---
"Lo udah di mana sih?"
Raka langsung berdecak sebal. Tangannya memukul setir dengan kesal. Jalanan Jakarta memang kadang sangat menyebalkan. Ini hari sabtu, ada pekerjaan yang membuatnya harus datang ke Sanjaya dan menghabiskan weekend bersama berkas-berkas yang harus ia pelajari dan tanda tangani.
Dan sekarang sudah pukul sembilan malam, dari Cawang menuju Senopati yang biasanya bisa ditempuh setengah jam sekarang ia masih terjebak macet, dan molor dari waktu janjinya lebih dari satu jam.
"Raka Sanjaya, lo beneran lagi di jalan kesini kan?"
Raka meringis pelan sebelum membalas dengan godaan.
"Iya sayang. Bentar lagi nyampe kok,"
"Najis!"
Raka langsung tertawa. Mobilnya juga kembali bergerak.
"Lagian kenapa mesti di sana sih? Dan kenapa juga gue harus ikut? Lo gak inget mereka dulu gimana bencinya sama kita,"
Kirana yang ada di seberang sana menghela napas panjang. Musik yang berputar dari tempat hiburan itu terdengar mengalun di telinga Raka.
"Gak usah dijawab. Gue tahu kenapa,"
Kirana berdecak. "Yaudah gue tutup. Pastiin lima belas menit lagi lo udah di sini. Paling lama!"
Setelah panggilan itu terputus, Raka langsung tersenyum kecil. Kirana terdengar seperti Sagara, mungkin karena menghabiskan waktu bersama selama sepuluh tahun, Kirana jadi memperlakukan dia seperti Sagara dan Arjuna memperlakukannya. Dulu sebelum ikut pindah ke Korea bersama Sagara, Kirana selalu menatapnya was-was dan penuh curiga. Ya tidak salah juga sih mengingat perlakuan Raka padanya sewaktu mereka masih sekolah.
Diam yang akhirnya justru banyak menghancurkan dirinya sendiri. Namun juga Sagara yang membuatnya sadar dan paham, diam kadang justru menenangkan. Diamnya justru kadang membawa kedamaian. Diam yang mengajarkan makna sebuah penerimaan.
Tempat yang dituju Raka adalah sebuah bar semi indoor. Banyak sekali anak muda menghabiskan malam disana. Setelah berkeliling beberapa saat, Raka akhirnya menemukan keberadaan Kirana diantara kerumunan orang lainnya. Meja besar yang memuat banyak orang itu terletak di pojok dan terkesan lebih privat.
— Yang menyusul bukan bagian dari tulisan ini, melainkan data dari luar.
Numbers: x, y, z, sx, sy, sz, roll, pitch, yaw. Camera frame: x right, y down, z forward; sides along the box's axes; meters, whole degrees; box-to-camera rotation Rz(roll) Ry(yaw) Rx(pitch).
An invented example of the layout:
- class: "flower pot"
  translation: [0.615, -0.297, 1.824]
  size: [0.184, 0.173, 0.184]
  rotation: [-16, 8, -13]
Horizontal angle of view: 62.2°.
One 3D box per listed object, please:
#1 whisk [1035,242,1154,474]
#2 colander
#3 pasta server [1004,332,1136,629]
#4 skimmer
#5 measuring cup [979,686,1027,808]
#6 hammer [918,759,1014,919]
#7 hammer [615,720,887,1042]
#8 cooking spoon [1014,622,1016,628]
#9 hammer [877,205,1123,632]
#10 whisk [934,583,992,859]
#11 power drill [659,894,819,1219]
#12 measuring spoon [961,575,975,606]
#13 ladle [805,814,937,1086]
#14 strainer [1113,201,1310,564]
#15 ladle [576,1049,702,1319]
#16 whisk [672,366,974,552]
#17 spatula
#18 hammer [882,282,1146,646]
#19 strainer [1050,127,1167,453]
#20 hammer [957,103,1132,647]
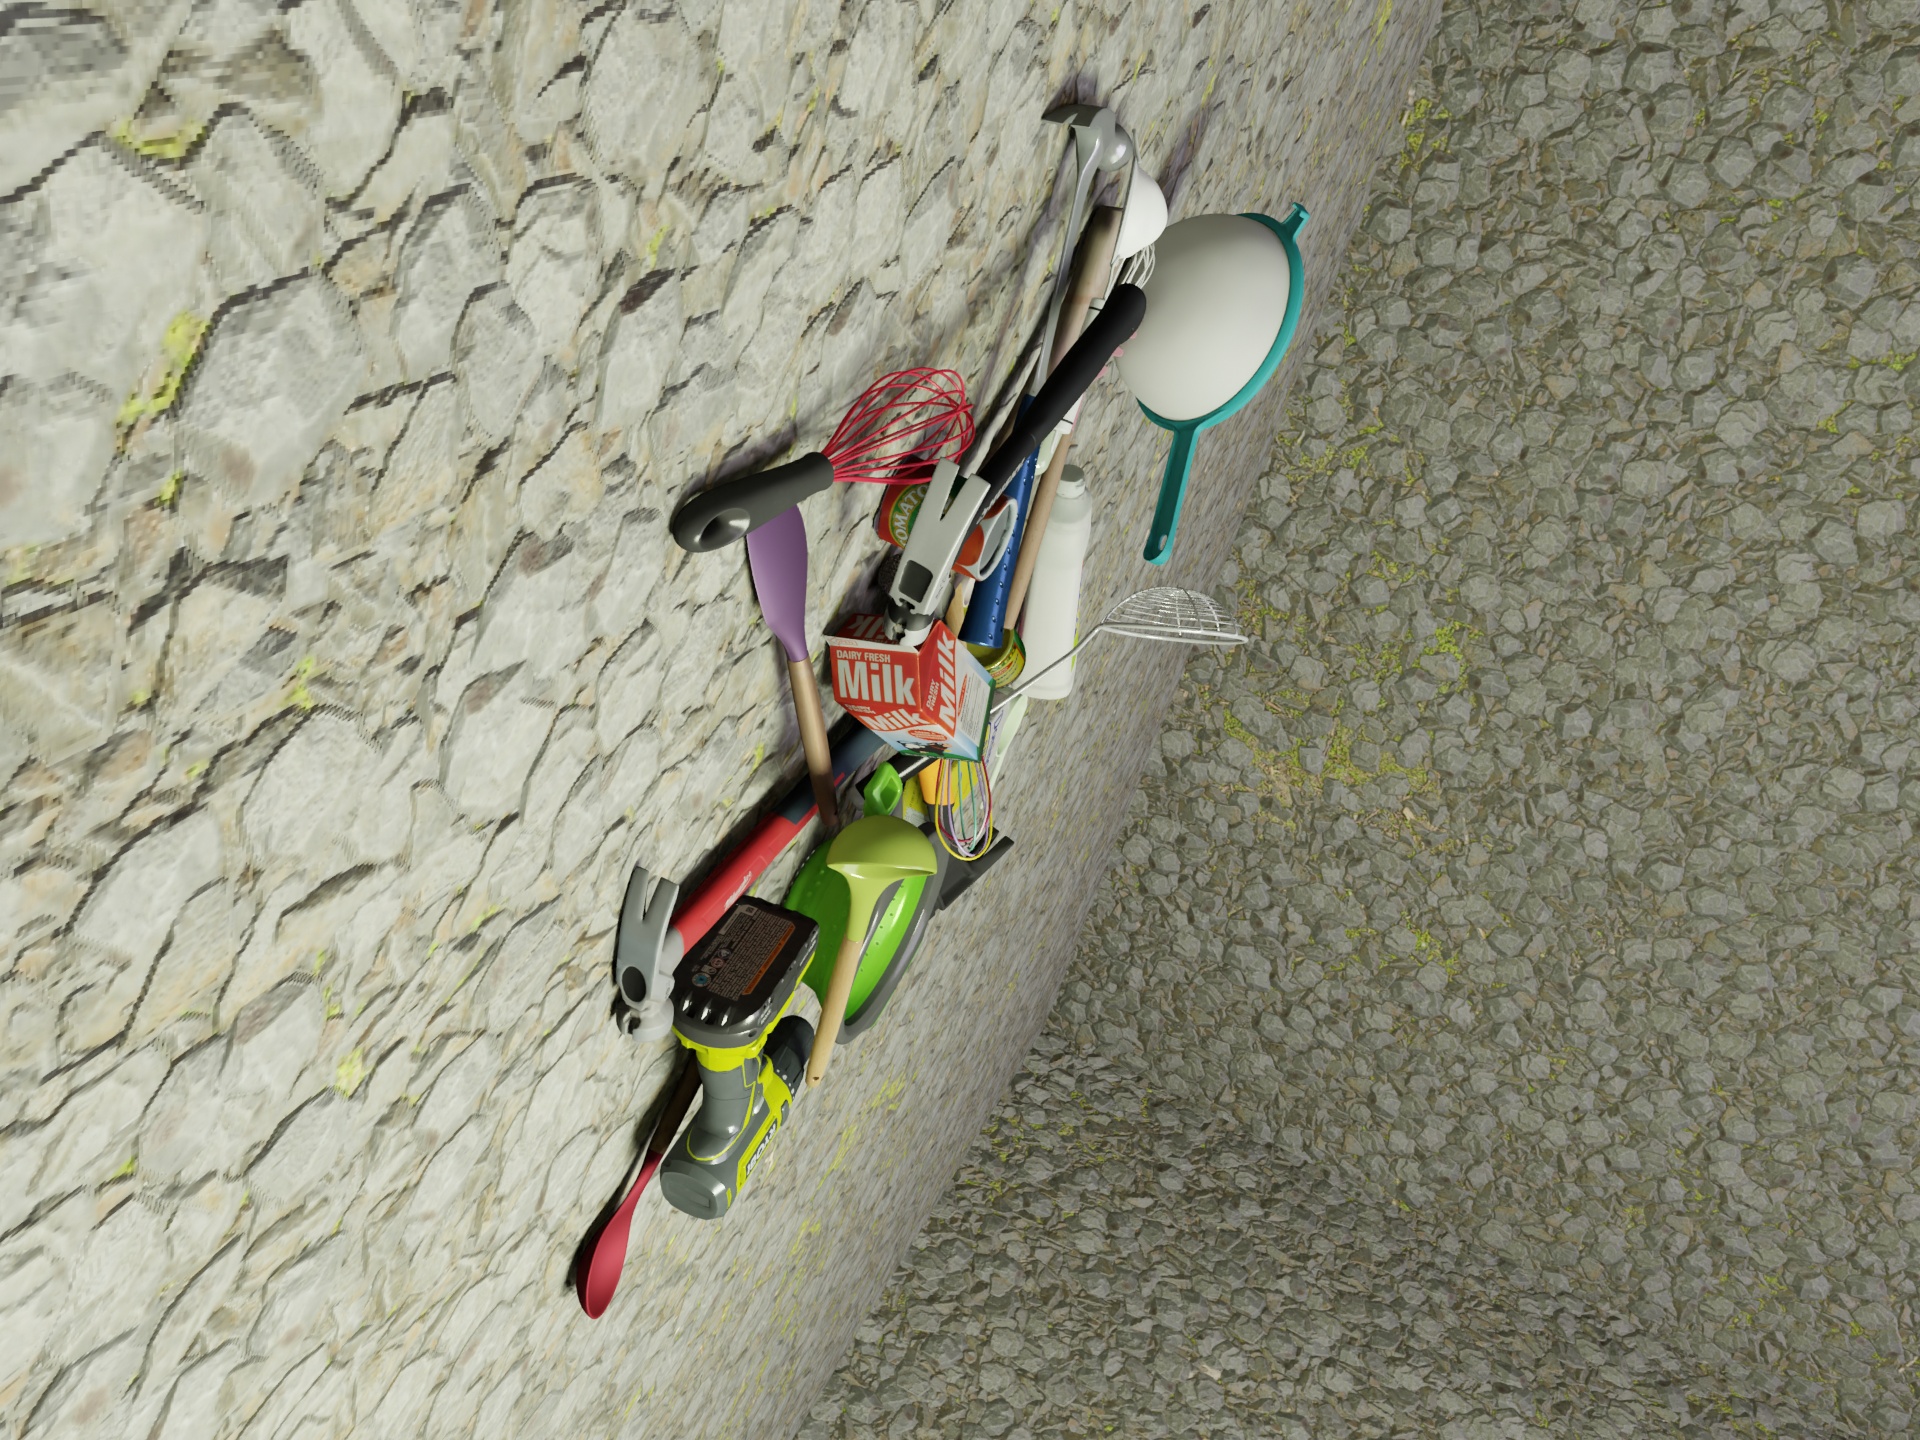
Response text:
- class: "whisk"
  translation: [0.106, -0.321, 1.366]
  size: [0.059, 0.058, 0.246]
  rotation: [32, 77, -42]
- class: "colander"
  translation: [-0.093, 0.126, 1.302]
  size: [0.205, 0.094, 0.396]
  rotation: [-59, 166, -27]
- class: "pasta server"
  translation: [0.092, -0.231, 1.418]
  size: [0.060, 0.040, 0.316]
  rotation: [15, -92, 61]
- class: "skimmer"
  translation: [0.074, -0.006, 1.374]
  size: [0.363, 0.090, 0.127]
  rotation: [-34, 180, -1]
- class: "measuring cup"
  translation: [0.031, 0.032, 1.771]
  size: [0.083, 0.038, 0.167]
  rotation: [-51, 163, -49]
- class: "hammer"
  translation: [-0.016, 0.056, 1.480]
  size: [0.127, 0.034, 0.336]
  rotation: [-40, 147, -23]
- class: "hammer"
  translation: [-0.130, 0.065, 1.171]
  size: [0.386, 0.038, 0.143]
  rotation: [-50, 159, -50]
- class: "cooking spoon"
  translation: [-0.008, -0.018, 1.556]
  size: [0.319, 0.017, 0.068]
  rotation: [-53, 161, -45]
- class: "hammer"
  translation: [0.056, -0.243, 1.296]
  size: [0.411, 0.038, 0.146]
  rotation: [-64, 153, -15]
- class: "whisk"
  translation: [-0.004, -0.005, 1.323]
  size: [0.051, 0.047, 0.245]
  rotation: [89, -3, -73]
- class: "power drill"
  translation: [-0.163, 0.247, 1.230]
  size: [0.191, 0.080, 0.228]
  rotation: [-55, 159, -49]
- class: "measuring spoon"
  translation: [0.017, -0.161, 1.410]
  size: [0.034, 0.018, 0.124]
  rotation: [49, 59, -76]
- class: "ladle"
  translation: [-0.084, 0.188, 1.195]
  size: [0.062, 0.078, 0.320]
  rotation: [-98, -160, -47]
- class: "strainer"
  translation: [0.188, -0.316, 1.444]
  size: [0.095, 0.211, 0.340]
  rotation: [18, 82, -36]
- class: "ladle"
  translation: [-0.230, 0.319, 1.267]
  size: [0.315, 0.031, 0.069]
  rotation: [-65, 166, -11]
- class: "whisk"
  translation: [-0.074, -0.155, 0.948]
  size: [0.296, 0.073, 0.073]
  rotation: [-38, 151, -51]
- class: "spatula"
  translation: [-0.104, -0.029, 1.060]
  size: [0.060, 0.018, 0.315]
  rotation: [-58, 157, -35]
- class: "hammer"
  translation: [0.049, -0.202, 1.086]
  size: [0.335, 0.035, 0.146]
  rotation: [-55, 173, -35]
- class: "strainer"
  translation: [0.116, -0.335, 1.263]
  size: [0.087, 0.050, 0.258]
  rotation: [-70, 179, -83]
- class: "hammer"
  translation: [0.056, -0.254, 1.193]
  size: [0.144, 0.035, 0.405]
  rotation: [-19, 123, -72]

Kirana sedang duduk paling pinggir. Perempuan itu yang tampak feminim. Jika bukan karena Arjuna dan Sagara, Raka tidak akan mau repot-repot datang ketempat itu.
Raka paham sekali. Sagara menjaga gadis itu dulu awalnya hanya untuk memenuhi janji pada Arjuna, sahabat mereka yang mungkin menyelamatkan keduanya dulu. Kepergian Arjuna yang tiba-tiba banyak merubah mereka. Dan dulunya sebelum ada kejadian dan firasat apa-apa, Arjuna pernah meminta Sagara untuk menjaga gadis yang ia cintai. Yang Raka yakin sekarang juga dicintai oleh sagara.
"Hoi!"
Raka menyapa semua orang disana. Awalnya Raka pikir kumpul teman SMA itu hanya tiga atau empat orang, tapi yang datang justru lebih dari sepuluh termasuk Kirana.
Setelah saling bertukar sapa dan bertanya kabar masing-masing, Raka mengambil tempat di samping Kirana. Memesan sebotol beer untuk menjadi kawannya berbincang malam ini.
Umur yang sudah hampir kepala tiga tidak berbohong. Obrolan mereka terkesan lebih berat dan dalam. Pekerjaan, pasangan, hubungan dengan sekitar menjadi topik yang paling sering dibicarakan.
Lama-lama Raka mulai menyukai tongkrongan ini. Tongkrongan yang sering diceritakan Sagara karena mendengar dari Kirana. Karena saran Sagara juga akhirnya gadis itu menghubunginya dan mulai mengajak ikut serta.
KAMU SEDANG MEMBACA
Musim Yang Baik [FIN]
ChickLitJIka menjadi baik tidak cukup membuat hidupnya tenang JIka berkelana bertahun-tahun justru membuatnya semakin kosong Bagian mana yang masih kurang dari usahanya memaafkan? Semua orang berkata bahwa waktu sepuluh tahun sudak lebih dari cukup Tapi men...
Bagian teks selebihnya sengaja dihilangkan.